How does it all work? The Qualcomm Aqstic audio codec is virtually always on and has been trained to listen for certain keywords. For example, it uses the microphones within your phone to detect a question you might ask such as, “Alexa, what’s the weather like today?” Within the codec, the ADC detects your words, converts them to digital, and forwards this information to the audio codec DSP. The DSP has algorithms that perform keyword detection, recognizing keywords like, “Alexa” and “weather.”

The audio codec DSP then loops into the Snapdragon 845’s sophisticated low-power audio subsystem (LPASS), which includes a Qualcomm Hexagon 685 Scalar Processor, architecturally designed for audio uses. LPASS is the heart of the audio and voice experience on your Snapdragon-powered phone, playing a vital part in voice UI processing. In this role, LPASS performs voice verification to confirm your identity. Why’s this so important? It’s designed to prevent others from using their voices to buy things off the Internet, or otherwise access your device without permission.

After LPASS validates your identity, it’s designed to immediately beamform (or aim) your smartphone’s microphones toward you and automatically complete tasks to help the voice interaction run smoothly. It’s also engineered to perform echo cancellation, noise suppression, and isolates voice signals to better distinguish your voice, even in noisy environments.

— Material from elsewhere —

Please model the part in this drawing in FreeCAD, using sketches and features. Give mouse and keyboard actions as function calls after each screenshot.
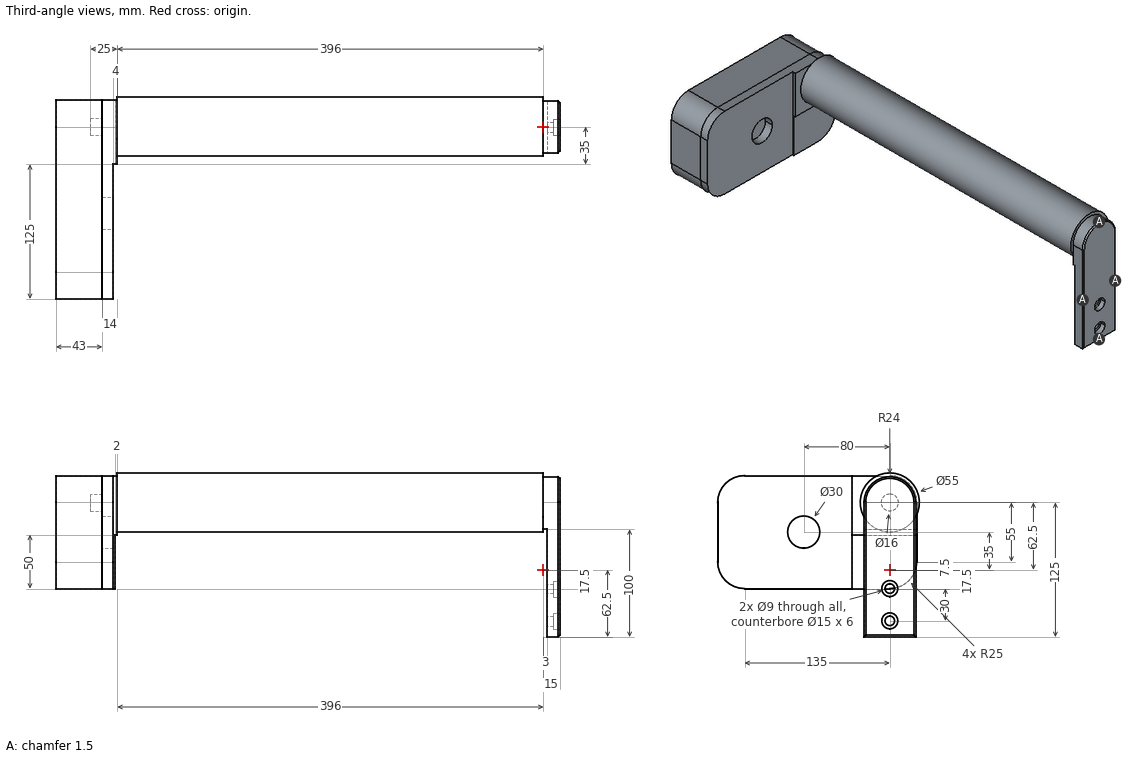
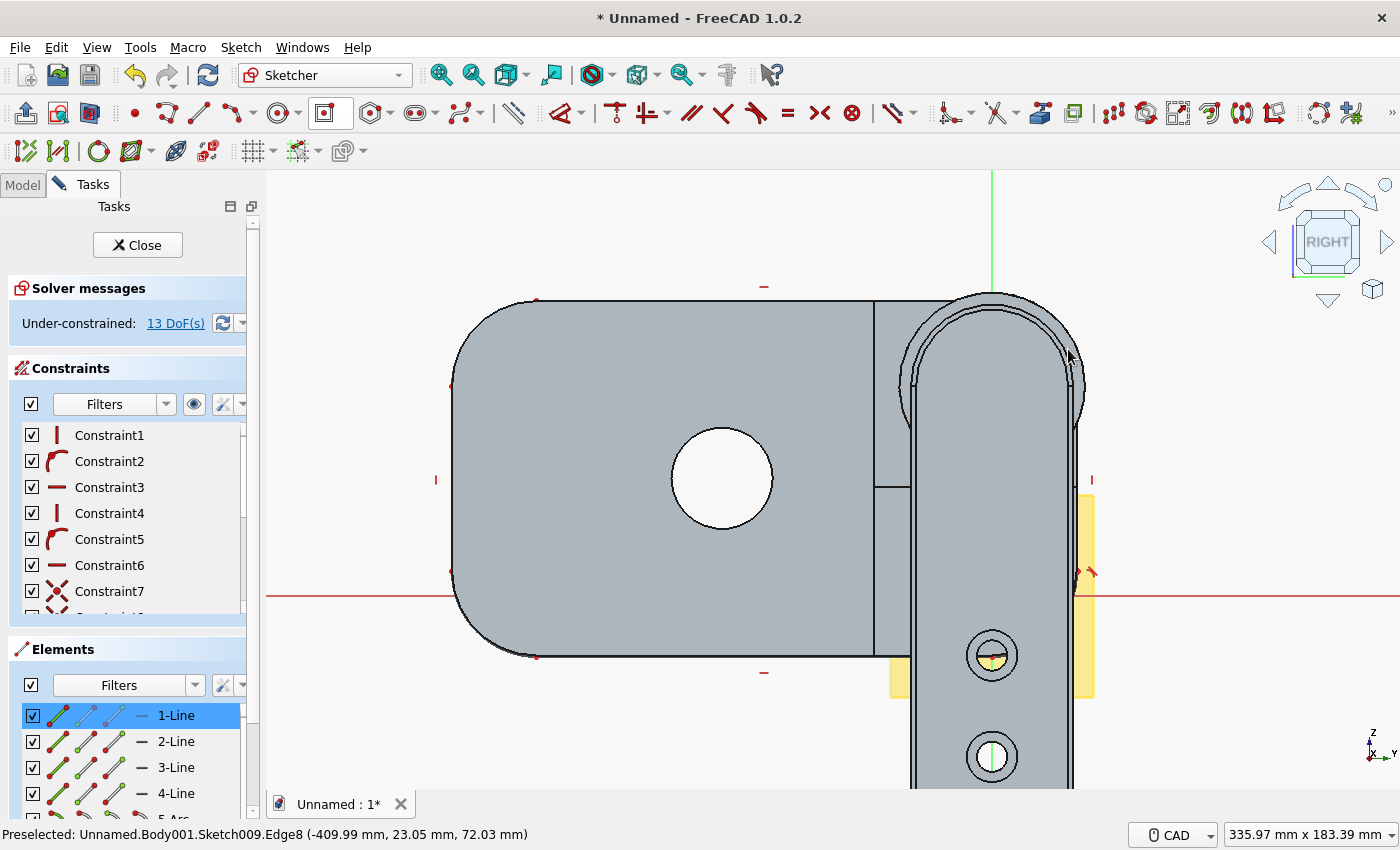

LPASS is also equipped with a new feature called, “barge-in”, to boost the intelligence of your Qualcomm Aqstic voice UI. Barge-in is designed to allow your device to listen for your voice and automatically cancel out any audio that your device’s speaker (using its speaker amplifier) is playing. So, it doesn’t matter if you’re playing music or watching videos online, it easily detects your voice. As a result, your device hears your voice commands loud and clear, with no interference from any other audio emanating from your device.

Next, the LPASS and Kryo CPU on Snapdragon 845 are engineered to perform local or embedded audio speech recognition (ASR) and natural language processing (NLP) to generate a “speech-to-text” conversion, allowing your device to understand your question or command and respond accurately with “text-to-speech”. The LPASS and Kryo CPU can support small or medium-sized dialog or interactions on device and doesn’t need to access the cloud for the answer.

The LPASS and Kryo CPU also include specialized hardware for high-quality audio processing, which is an area of circuitry that serves as a bridge to the digital-to-analog converter (DAC) on the audio codec. As the LPASS arrives at your answer, it’s engineered to direct it to the DAC, which converts the signal back to analog and pipes it to the output speaker for you to hear. Now, imagine these heavily engineered processes happening in just a fraction of a second to answer your voice query, essentially “in the moment.”

As the demand for voice UI grows, we keep pace with the Qualcomm Aqstic audio codec coupled with Snapdragon 845. Together, these systems are engineered to support zero-touch UI and highly intuitive smartphone interactions to complete increasingly complex tasks. And looking forward to the future, as you stream hi-fi music through our platform, you’ll soon be doing that upon a 5G backbone, with the ability to downloading tunes in virtually the blink of an eye.

Qualcomm Snapdragon, Qualcomm Aqstic and Qualcomm Hexagon are products of Qualcomm Technologies, Inc. and/or its subsidiaries.